Fue ahí cuando le pregunté su nombre y entendí que se llamaba Santiago. "No, no: Tiago. Todavía no me han hecho santo". Tuve la impresión de que había repetido ese chiste mil veces. como una coletilla. Tiago tenía, como ya he dicho, 21. Se había marchado de la isla caribeña en cuanto cumplió los 18, harto de todo, de las clases donde les adoctrinaban en teoría socialista y de las jornadas de trabajo maratonianas donde ni siquiera te daban un bocata para merendar. El avión le había traído hasta España, donde no conocía a nadie, y había conseguido un trabajo en navegación deportiva y allí estaba, contemplando a unos chavales que probablemente adoraban a Castro. Por eso les parecían tan fascinantes: no podía comprender que unos jóvenes de su edad que habían tenido todo lo que a él le había sido negado se hubieran convertido en antisistemas que alcanzaban un paroxismo de furia al grito de "Fora fascistas dos nosos barrios!". En La Habana ya les habrían corrido a hostias hasta el Malecón, por disidentes.

Tiago no era el primer cubano que conocía que abominaba del comunismo. Claro que eso no significaba nada porque en España hay muchos que abominan del capitalismo con igual fervor. Tenía la prueba delante de mis ojos: chavales igual de desencantados por la codicia y superficialidad del capitalismo heteropatriarcal, que salen de las universidades con un título de Sociología bajo el brazo y condenados a emigrar, tal y como había hecho el cubano, para buscar un futuro. La diferencia es que ellos no emigran a países socialistas, sino a otros más capitalistas todavía.

Desde luego, Tiago adoraba el capitalismo y la democracia liberal con su énfasis en las libertades individuales, ese mismo sistema que los antifas odiaban a muerte.
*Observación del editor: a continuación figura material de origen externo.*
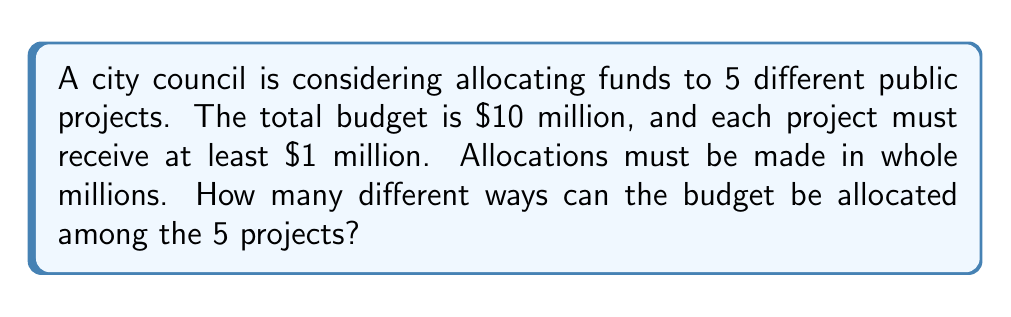Teach me how to tackle this problem. Let's approach this step-by-step:

1) First, we need to allocate the minimum $1 million to each project:
   $5 million total ($1 million × 5 projects)

2) This leaves us with $5 million to distribute among the 5 projects.

3) This problem can be reframed as: In how many ways can we place 5 dividers among 5 objects?

4) This is a classic stars and bars problem. The formula for this is:
   $$\binom{n+k-1}{k-1}$$
   where n is the number of identical objects (in this case, 5 million dollars) and k is the number of groups (5 projects).

5) Plugging in our values:
   $$\binom{5+5-1}{5-1} = \binom{9}{4}$$

6) We can calculate this as:
   $$\binom{9}{4} = \frac{9!}{4!(9-4)!} = \frac{9!}{4!5!}$$

7) Expanding this:
   $$\frac{9 × 8 × 7 × 6 × 5!}{(4 × 3 × 2 × 1) × 5!}$$

8) The 5! cancels out in the numerator and denominator:
   $$\frac{9 × 8 × 7 × 6}{4 × 3 × 2 × 1} = \frac{3024}{24} = 126$$

Therefore, there are 126 different ways to allocate the budget.
Answer: 126 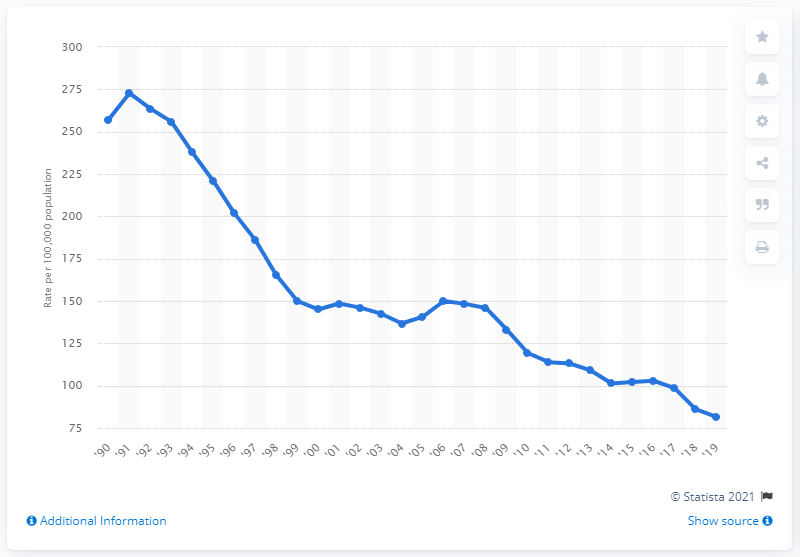Outline some significant characteristics in this image. According to data from 2019, the nationwide rate of robbery per 100,000 of the population was 81.6.

Me estaba explicando ya el error básico del concepto de plusvalía en la teoría del valor del trabajo comunista cuando le corté y le pregunté si iba a solicitar la nacionalidad. Me respondió que lo haría. "Tengo un bisabuelo gallego por parte de madre y mi tatarabuela era canaria", explicó. Me alegré, porque me había caído bien. En realidad, admiraba su valor y su determinación para cruzar el océano en busca de una nueva vida siendo tan joven. Pero no iba a admitirlo. "Pues cámbiate ese ridículo nombre, chaval –le aleccioné-. Si vas a ser español, tienes que esforzarte por encajar. O Santiago o Yago, pero nada de Tiago". Se rió y me dijo que había sido un placer, antes de nos despedieramos de buen humor, lo que resultó extraño en medio de tanta gente furiosa.